■ Problem to work on ■
Look at the entries below and restate word for word the lines from the first through the one that has "6) boot [233,213,392,364]".

■ Data for this task ■
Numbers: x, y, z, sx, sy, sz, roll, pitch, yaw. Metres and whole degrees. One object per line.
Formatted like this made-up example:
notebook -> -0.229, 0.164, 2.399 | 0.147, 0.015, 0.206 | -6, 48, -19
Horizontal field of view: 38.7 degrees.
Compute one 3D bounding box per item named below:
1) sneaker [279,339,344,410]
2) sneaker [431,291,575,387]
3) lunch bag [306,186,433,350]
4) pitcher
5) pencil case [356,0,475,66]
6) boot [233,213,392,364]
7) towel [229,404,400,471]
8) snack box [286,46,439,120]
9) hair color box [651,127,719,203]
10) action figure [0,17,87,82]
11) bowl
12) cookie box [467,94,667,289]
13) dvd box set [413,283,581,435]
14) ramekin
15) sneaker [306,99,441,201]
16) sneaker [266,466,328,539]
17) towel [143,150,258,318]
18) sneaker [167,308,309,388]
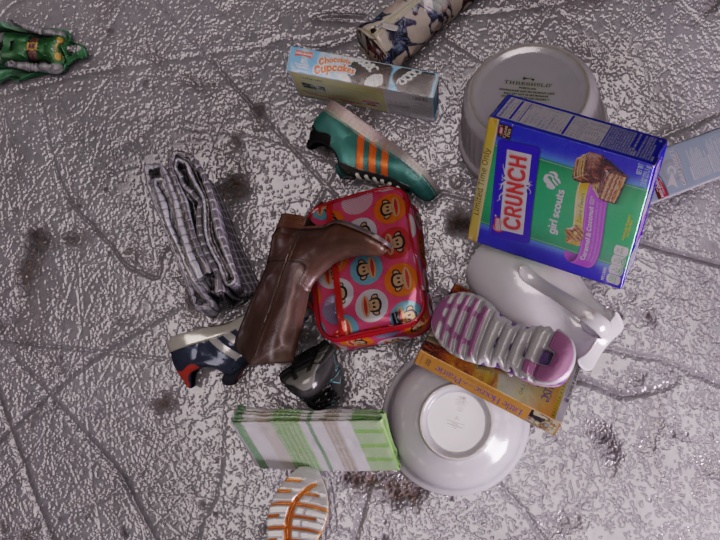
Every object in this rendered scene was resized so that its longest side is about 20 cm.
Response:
sneaker -> -0.049, 0.139, 1.299 | 0.075, 0.200, 0.080 | -27, 91, 5
sneaker -> 0.179, 0.093, 1.266 | 0.199, 0.088, 0.081 | 23, 82, 31
lunch bag -> 0.000, 0.000, 1.353 | 0.174, 0.082, 0.202 | -13, 69, 14
pitcher -> 0.230, 0.028, 1.283 | 0.199, 0.172, 0.122 | 39, 84, 17
pencil case -> 0.087, -0.358, 1.393 | 0.200, 0.089, 0.078 | -41, 82, -1
boot -> -0.063, 0.037, 1.282 | 0.185, 0.064, 0.202 | 9, 73, 39
towel -> -0.055, 0.215, 1.314 | 0.197, 0.150, 0.031 | -1, 55, 11
snack box -> 0.006, -0.250, 1.374 | 0.197, 0.116, 0.038 | 12, 85, 5
hair color box -> 0.392, -0.125, 1.304 | 0.198, 0.099, 0.061 | -21, 87, -20
action figure -> -0.485, -0.314, 1.455 | 0.197, 0.055, 0.120 | 1, 81, 1
bowl -> 0.125, 0.196, 1.331 | 0.198, 0.090, 0.204 | 0, 85, 4
cookie box -> 0.240, -0.094, 1.216 | 0.198, 0.075, 0.173 | 19, 126, 19
dvd box set -> 0.183, 0.111, 1.321 | 0.198, 0.030, 0.147 | 28, 43, 7
ramekin -> 0.221, -0.202, 1.327 | 0.200, 0.094, 0.205 | -6, 60, 11
sneaker -> 0.016, -0.144, 1.390 | 0.199, 0.071, 0.080 | 37, 92, 12
sneaker -> -0.086, 0.357, 1.340 | 0.077, 0.077, 0.203 | 9, 82, 6
towel -> -0.205, -0.044, 1.347 | 0.085, 0.166, 0.202 | -22, 83, -4
sneaker -> -0.156, 0.105, 1.377 | 0.198, 0.075, 0.086 | -17, 87, 10
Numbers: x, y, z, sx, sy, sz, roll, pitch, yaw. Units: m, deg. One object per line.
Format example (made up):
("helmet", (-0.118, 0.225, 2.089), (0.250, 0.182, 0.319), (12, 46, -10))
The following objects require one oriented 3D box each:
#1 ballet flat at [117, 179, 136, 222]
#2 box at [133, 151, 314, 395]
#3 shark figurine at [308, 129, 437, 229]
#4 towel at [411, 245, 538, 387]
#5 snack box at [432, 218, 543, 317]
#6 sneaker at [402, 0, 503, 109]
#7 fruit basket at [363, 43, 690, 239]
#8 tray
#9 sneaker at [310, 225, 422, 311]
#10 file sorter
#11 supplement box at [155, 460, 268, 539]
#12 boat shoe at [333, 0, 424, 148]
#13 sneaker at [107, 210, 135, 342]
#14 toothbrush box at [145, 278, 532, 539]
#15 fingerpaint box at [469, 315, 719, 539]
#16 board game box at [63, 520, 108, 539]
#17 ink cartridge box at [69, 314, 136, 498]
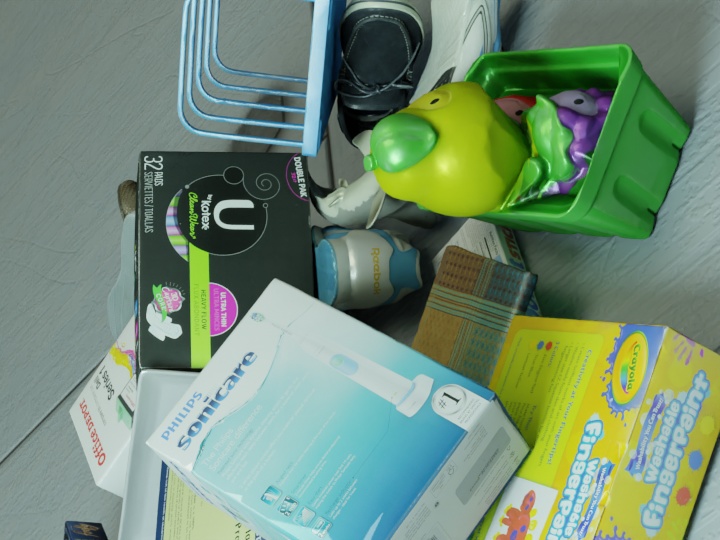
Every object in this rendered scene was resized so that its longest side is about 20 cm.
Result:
("ballet flat", (-0.215, -0.035, 1.944), (0.046, 0.067, 0.200), (-31, 37, 6))
("box", (-0.118, 0.014, 1.580), (0.124, 0.148, 0.200), (105, 162, -64))
("shark figurine", (0.018, -0.060, 1.555), (0.214, 0.089, 0.128), (-22, 45, 52))
("towel", (0.068, 0.086, 1.387), (0.147, 0.022, 0.200), (24, 95, 66))
("snack box", (0.101, 0.034, 1.415), (0.072, 0.024, 0.200), (-48, 32, 26))
("sneaker", (0.085, -0.162, 1.575), (0.072, 0.072, 0.200), (19, 97, 58))
("fruit basket", (0.102, -0.097, 1.346), (0.216, 0.216, 0.156), (6, 72, 59))
("tray", (-0.139, 0.160, 1.531), (0.022, 0.107, 0.200), (-106, 23, -56))
("sneaker", (0.000, 0.000, 1.558), (0.200, 0.081, 0.077), (-146, 54, -80))
("file sorter", (-0.080, -0.200, 1.605), (0.200, 0.123, 0.139), (-78, -6, -68))
("supplement box", (-0.053, 0.178, 1.389), (0.200, 0.134, 0.200), (-46, 35, 45))
("boat shoe", (0.014, -0.171, 1.618), (0.200, 0.075, 0.062), (103, 170, -62))
("sneaker", (-0.196, 0.011, 1.818), (0.073, 0.071, 0.200), (45, 140, 24))
("toothbrush box", (-0.016, 0.115, 1.213), (0.200, 0.085, 0.146), (26, 71, 35))
("fingerpaint box", (0.141, 0.137, 1.218), (0.167, 0.073, 0.200), (1, 67, 59))
("board game box", (-0.244, 0.329, 1.605), (0.135, 0.035, 0.200), (-162, 78, -76))
("ink cartridge box", (-0.176, 0.104, 1.733), (0.200, 0.084, 0.145), (-55, 30, 12))
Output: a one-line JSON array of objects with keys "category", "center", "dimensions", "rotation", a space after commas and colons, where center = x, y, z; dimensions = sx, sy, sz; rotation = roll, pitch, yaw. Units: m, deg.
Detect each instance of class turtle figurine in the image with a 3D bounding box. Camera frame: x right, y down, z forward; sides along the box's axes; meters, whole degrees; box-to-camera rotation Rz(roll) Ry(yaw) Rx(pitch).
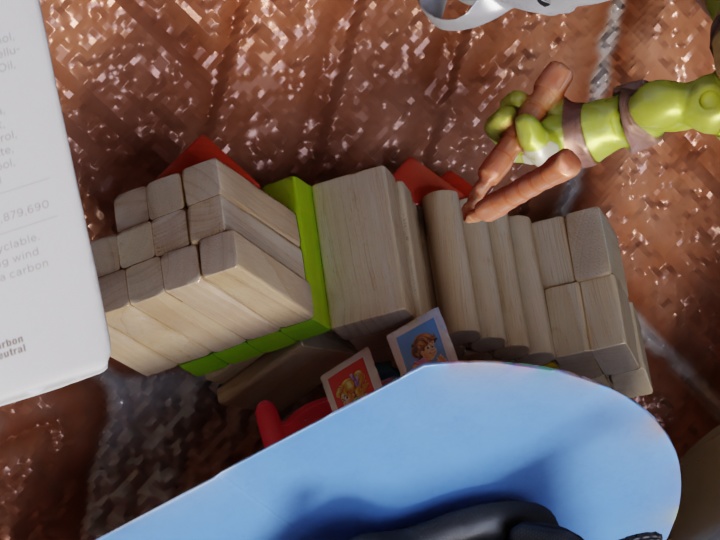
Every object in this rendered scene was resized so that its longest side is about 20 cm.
[{"category": "turtle figurine", "center": [0.128, -0.070, 0.820], "dimensions": [0.200, 0.161, 0.064], "rotation": [-23, 117, 26]}]

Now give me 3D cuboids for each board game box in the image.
[{"category": "board game box", "center": [-0.005, 0.074, 0.876], "dimensions": [0.200, 0.039, 0.158], "rotation": [-28, 143, 16]}]

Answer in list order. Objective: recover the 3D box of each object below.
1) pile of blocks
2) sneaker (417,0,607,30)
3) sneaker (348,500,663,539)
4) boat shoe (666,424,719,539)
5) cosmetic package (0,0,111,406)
[{"category": "pile of blocks", "center": [0.000, 0.000, 0.871], "dimensions": [0.200, 0.082, 0.062], "rotation": [12, 59, -36]}, {"category": "sneaker", "center": [0.074, -0.154, 0.833], "dimensions": [0.075, 0.115, 0.200], "rotation": [35, 58, -31]}, {"category": "sneaker", "center": [0.063, 0.118, 0.855], "dimensions": [0.200, 0.078, 0.140], "rotation": [8, 137, -26]}, {"category": "boat shoe", "center": [0.139, 0.068, 0.910], "dimensions": [0.059, 0.072, 0.200], "rotation": [32, 120, -13]}, {"category": "cosmetic package", "center": [-0.127, -0.071, 0.753], "dimensions": [0.074, 0.102, 0.200], "rotation": [-17, 116, -19]}]
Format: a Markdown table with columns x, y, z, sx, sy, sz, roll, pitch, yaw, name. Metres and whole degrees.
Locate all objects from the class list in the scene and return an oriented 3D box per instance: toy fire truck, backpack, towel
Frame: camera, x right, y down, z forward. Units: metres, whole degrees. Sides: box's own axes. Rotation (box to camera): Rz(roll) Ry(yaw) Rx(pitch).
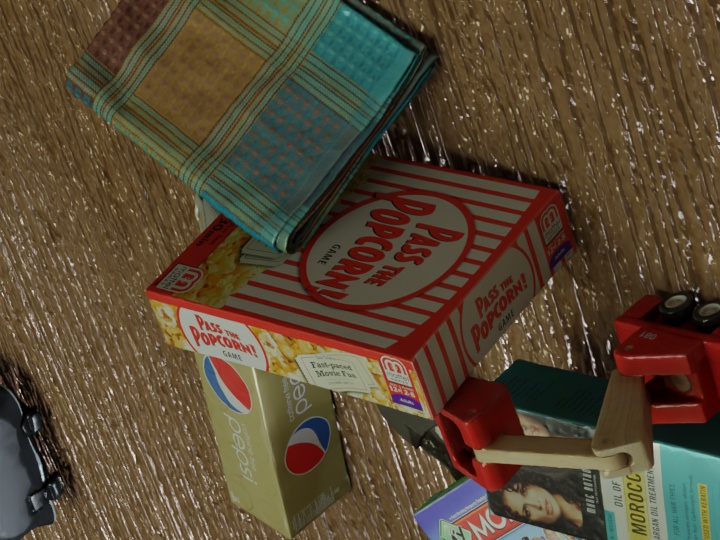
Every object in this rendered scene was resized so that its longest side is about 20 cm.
| x | y | z | sx | sy | sz | roll | pitch | yaw | name |
| --- | --- | --- | --- | --- | --- | --- | --- | --- | --- |
| 0.148 | 0.071 | 1.264 | 0.199 | 0.141 | 0.049 | 13 | 132 | 50 | toy fire truck |
| -0.381 | 0.163 | 2.122 | 0.200 | 0.150 | 0.178 | 27 | 141 | 47 | backpack |
| -0.069 | -0.116 | 1.393 | 0.200 | 0.147 | 0.022 | 37 | -179 | 28 | towel |

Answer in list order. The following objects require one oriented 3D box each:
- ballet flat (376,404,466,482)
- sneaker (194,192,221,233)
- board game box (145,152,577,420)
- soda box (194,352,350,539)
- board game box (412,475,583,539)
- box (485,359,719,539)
| x | y | z | sx | sy | sz | roll | pitch | yaw | name |
| --- | --- | --- | --- | --- | --- | --- | --- | --- | --- |
| 0.087 | 0.133 | 1.528 | 0.200 | 0.046 | 0.067 | 48 | 135 | -1 | ballet flat |
| -0.082 | -0.062 | 1.505 | 0.200 | 0.092 | 0.076 | 43 | 149 | 18 | sneaker |
| 0.000 | 0.000 | 1.365 | 0.199 | 0.152 | 0.046 | 13 | 137 | 37 | board game box |
| -0.065 | 0.088 | 1.671 | 0.068 | 0.064 | 0.201 | 27 | 141 | 38 | soda box |
| 0.134 | 0.160 | 1.449 | 0.135 | 0.029 | 0.200 | 52 | 137 | 0 | board game box |
| 0.161 | 0.114 | 1.339 | 0.199 | 0.049 | 0.083 | 11 | 123 | 36 | box |
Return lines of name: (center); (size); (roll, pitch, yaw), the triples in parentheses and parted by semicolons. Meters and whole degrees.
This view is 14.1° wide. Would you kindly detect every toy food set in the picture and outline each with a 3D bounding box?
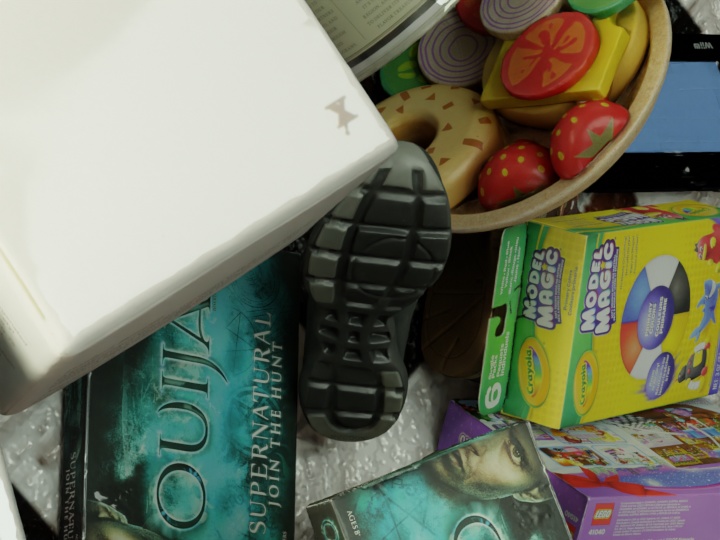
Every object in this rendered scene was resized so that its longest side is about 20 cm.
toy food set: (0.085, -0.106, 1.642); (0.049, 0.200, 0.198); (46, 54, -37)

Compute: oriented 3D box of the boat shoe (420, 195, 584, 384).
boat shoe: (0.094, -0.028, 1.694); (0.072, 0.072, 0.200); (21, 78, -42)

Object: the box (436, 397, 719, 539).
box: (0.163, 0.116, 1.670); (0.200, 0.137, 0.039); (2, 110, -35)

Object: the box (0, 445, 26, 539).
box: (-0.278, 0.085, 1.334); (0.200, 0.131, 0.199); (-13, 85, -21)

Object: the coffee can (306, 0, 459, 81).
coffee can: (-0.036, -0.218, 1.615); (0.200, 0.146, 0.146); (48, 55, -15)

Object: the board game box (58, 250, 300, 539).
board game box: (-0.096, 0.077, 1.560); (0.135, 0.028, 0.200); (11, 70, -34)

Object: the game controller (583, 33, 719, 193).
game controller: (0.185, -0.099, 1.805); (0.200, 0.042, 0.104); (-2, 78, -37)

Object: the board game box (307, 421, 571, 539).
board game box: (0.064, 0.190, 1.474); (0.135, 0.028, 0.200); (-20, 89, -36)

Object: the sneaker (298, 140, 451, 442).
sneaker: (0.000, 0.000, 1.563); (0.075, 0.200, 0.079); (8, 42, -9)

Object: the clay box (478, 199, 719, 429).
clay box: (0.146, 0.025, 1.681); (0.200, 0.048, 0.115); (-9, 110, -52)

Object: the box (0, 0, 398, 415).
box: (-0.130, -0.071, 1.406); (0.199, 0.171, 0.200); (-32, 89, -21)
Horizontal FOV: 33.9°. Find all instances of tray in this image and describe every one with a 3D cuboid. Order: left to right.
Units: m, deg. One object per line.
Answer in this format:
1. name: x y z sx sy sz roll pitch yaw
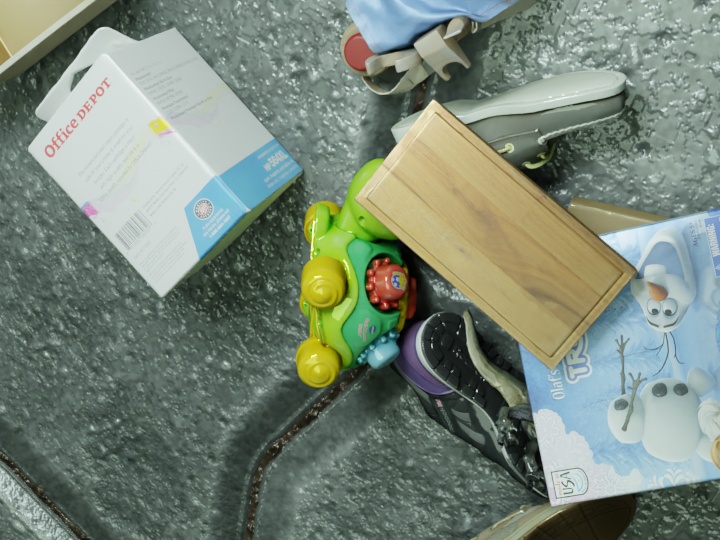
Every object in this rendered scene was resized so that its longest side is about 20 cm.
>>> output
1. tray: 0.102 -0.028 0.902 0.200 0.037 0.099 41 101 4

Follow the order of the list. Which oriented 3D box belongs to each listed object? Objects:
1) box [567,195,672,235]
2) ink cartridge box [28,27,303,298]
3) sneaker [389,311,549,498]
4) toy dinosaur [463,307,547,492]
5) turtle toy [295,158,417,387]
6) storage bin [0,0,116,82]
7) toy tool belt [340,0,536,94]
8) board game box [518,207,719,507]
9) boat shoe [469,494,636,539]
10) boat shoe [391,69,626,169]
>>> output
1. box: 0.254 0.038 0.972 0.198 0.021 0.165 15 115 17
2. ink cartridge box: -0.176 -0.107 1.030 0.128 0.125 0.200 -40 92 29
3. sneaker: 0.106 0.121 1.052 0.200 0.076 0.087 50 148 -10
4. toy dinosaur: 0.146 0.126 0.996 0.200 0.089 0.047 39 136 -14
5. turtle toy: 0.000 0.000 1.002 0.100 0.146 0.202 4 119 -3
6. storage bin: -0.316 -0.289 1.033 0.199 0.094 0.200 -28 99 29
7. toy tool belt: 0.046 -0.206 0.901 0.199 0.123 0.125 -32 96 30
8. board game box: 0.226 0.067 0.918 0.197 0.043 0.202 -13 85 16
9. boat shoe: 0.153 0.241 1.066 0.199 0.065 0.072 -35 117 10
10. boat shoe: 0.121 -0.111 0.940 0.200 0.072 0.061 -9 109 32
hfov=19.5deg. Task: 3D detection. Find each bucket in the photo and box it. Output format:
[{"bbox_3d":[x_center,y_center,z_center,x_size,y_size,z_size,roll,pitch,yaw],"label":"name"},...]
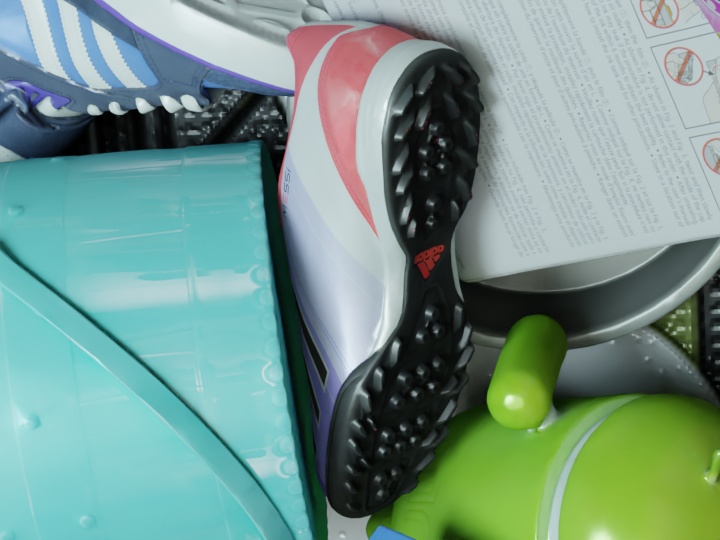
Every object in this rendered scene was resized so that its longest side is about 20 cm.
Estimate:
[{"bbox_3d":[-0.090,0.044,0.845,0.135,0.207,0.208,-9,107,3],"label":"bucket"}]

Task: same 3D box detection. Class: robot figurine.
[{"bbox_3d":[0.092,0.109,0.856,0.200,0.116,0.176,-9,114,54],"label":"robot figurine"}]

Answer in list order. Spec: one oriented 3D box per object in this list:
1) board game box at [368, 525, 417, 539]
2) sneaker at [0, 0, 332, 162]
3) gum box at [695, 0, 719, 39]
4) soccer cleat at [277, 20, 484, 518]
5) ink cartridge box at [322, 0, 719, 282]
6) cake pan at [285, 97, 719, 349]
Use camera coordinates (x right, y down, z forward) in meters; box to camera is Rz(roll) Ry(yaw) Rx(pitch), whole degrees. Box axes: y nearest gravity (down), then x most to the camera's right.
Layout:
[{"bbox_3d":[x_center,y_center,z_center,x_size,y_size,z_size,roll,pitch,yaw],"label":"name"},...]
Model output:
[{"bbox_3d":[0.094,0.188,0.799,0.200,0.045,0.152,20,147,29],"label":"board game box"},{"bbox_3d":[-0.104,-0.084,0.877,0.200,0.081,0.147,24,132,7],"label":"sneaker"},{"bbox_3d":[0.206,-0.124,0.671,0.200,0.066,0.114,-43,113,-15],"label":"gum box"},{"bbox_3d":[0.000,0.000,0.810,0.073,0.068,0.200,26,124,38],"label":"soccer cleat"},{"bbox_3d":[0.090,-0.085,0.769,0.200,0.050,0.161,-12,113,38],"label":"ink cartridge box"},{"bbox_3d":[0.070,-0.065,0.870,0.200,0.037,0.201,4,110,11],"label":"cake pan"}]
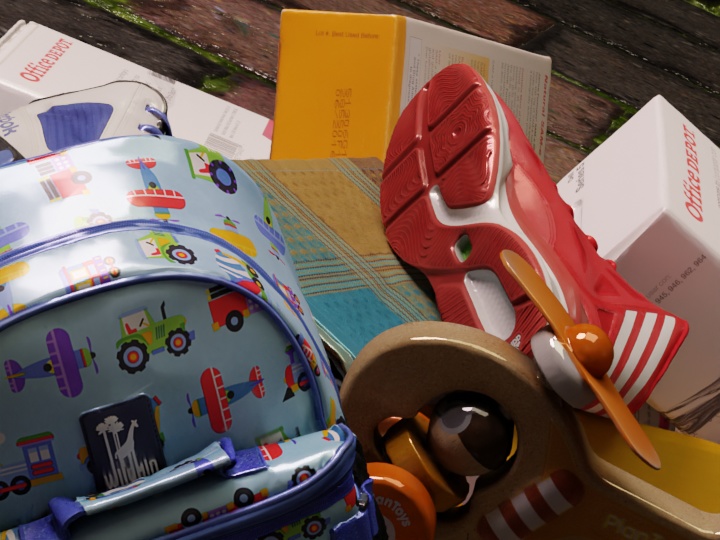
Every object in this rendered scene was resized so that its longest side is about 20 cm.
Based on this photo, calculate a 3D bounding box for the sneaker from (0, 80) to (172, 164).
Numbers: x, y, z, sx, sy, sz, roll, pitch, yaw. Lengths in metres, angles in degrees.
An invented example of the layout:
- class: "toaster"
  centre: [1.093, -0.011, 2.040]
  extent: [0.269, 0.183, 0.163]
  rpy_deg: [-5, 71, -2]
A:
- class: "sneaker"
  centre: [-0.115, -0.037, 1.160]
  extent: [0.115, 0.081, 0.199]
  rpy_deg: [-31, 44, -33]

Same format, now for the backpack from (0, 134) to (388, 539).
- class: "backpack"
  centre: [-0.084, 0.064, 0.866]
  extent: [0.181, 0.201, 0.135]
  rpy_deg: [-15, 31, -14]

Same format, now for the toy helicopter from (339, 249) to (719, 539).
- class: "toy helicopter"
  centre: [0.086, 0.079, 1.000]
  extent: [0.199, 0.133, 0.079]
  rpy_deg: [24, 19, -2]

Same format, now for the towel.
- class: "towel"
  centre: [0.000, 0.000, 1.137]
  extent: [0.147, 0.022, 0.200]
  rpy_deg: [45, 23, 21]

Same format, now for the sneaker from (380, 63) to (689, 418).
- class: "sneaker"
  centre: [0.081, -0.003, 1.157]
  extent: [0.115, 0.078, 0.201]
  rpy_deg: [30, 33, -34]

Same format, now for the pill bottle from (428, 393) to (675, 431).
- class: "pill bottle"
  centre: [0.059, 0.068, 1.250]
  extent: [0.199, 0.114, 0.113]
  rpy_deg: [3, 26, -48]

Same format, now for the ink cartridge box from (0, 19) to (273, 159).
- class: "ink cartridge box"
  centre: [-0.129, -0.059, 1.442]
  extent: [0.199, 0.085, 0.146]
  rpy_deg: [24, 17, -3]

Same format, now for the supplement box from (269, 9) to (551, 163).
- class: "supplement box"
  centre: [0.028, -0.066, 1.359]
  extent: [0.073, 0.127, 0.200]
  rpy_deg: [5, -1, 28]

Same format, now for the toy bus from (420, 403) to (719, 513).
- class: "toy bus"
  centre: [0.079, 0.099, 1.131]
  extent: [0.199, 0.066, 0.078]
  rpy_deg: [16, -26, -40]

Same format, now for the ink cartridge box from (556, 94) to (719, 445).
- class: "ink cartridge box"
  centre: [0.191, 0.026, 1.261]
  extent: [0.200, 0.084, 0.146]
  rpy_deg: [41, 22, -14]

■ Expected answer ■
Numbers: x, y, z, sx, sy, sz, roll, pitch, yaw. Metres and whole degrees. One object per line.
Formatted like this made-up example:
notebook -> -0.229, 0.164, 2.399 | 0.147, 0.015, 0.206 | -6, 48, -19
Horizontal field of view: 38.7 degrees.
Compute one 3D bounding box per item named below:
1) sneaker [279,339,344,410]
2) sneaker [431,291,575,387]
3) lunch bag [306,186,433,350]
4) pitcher
5) pencil case [356,0,475,66]
6) boot [233,213,392,364]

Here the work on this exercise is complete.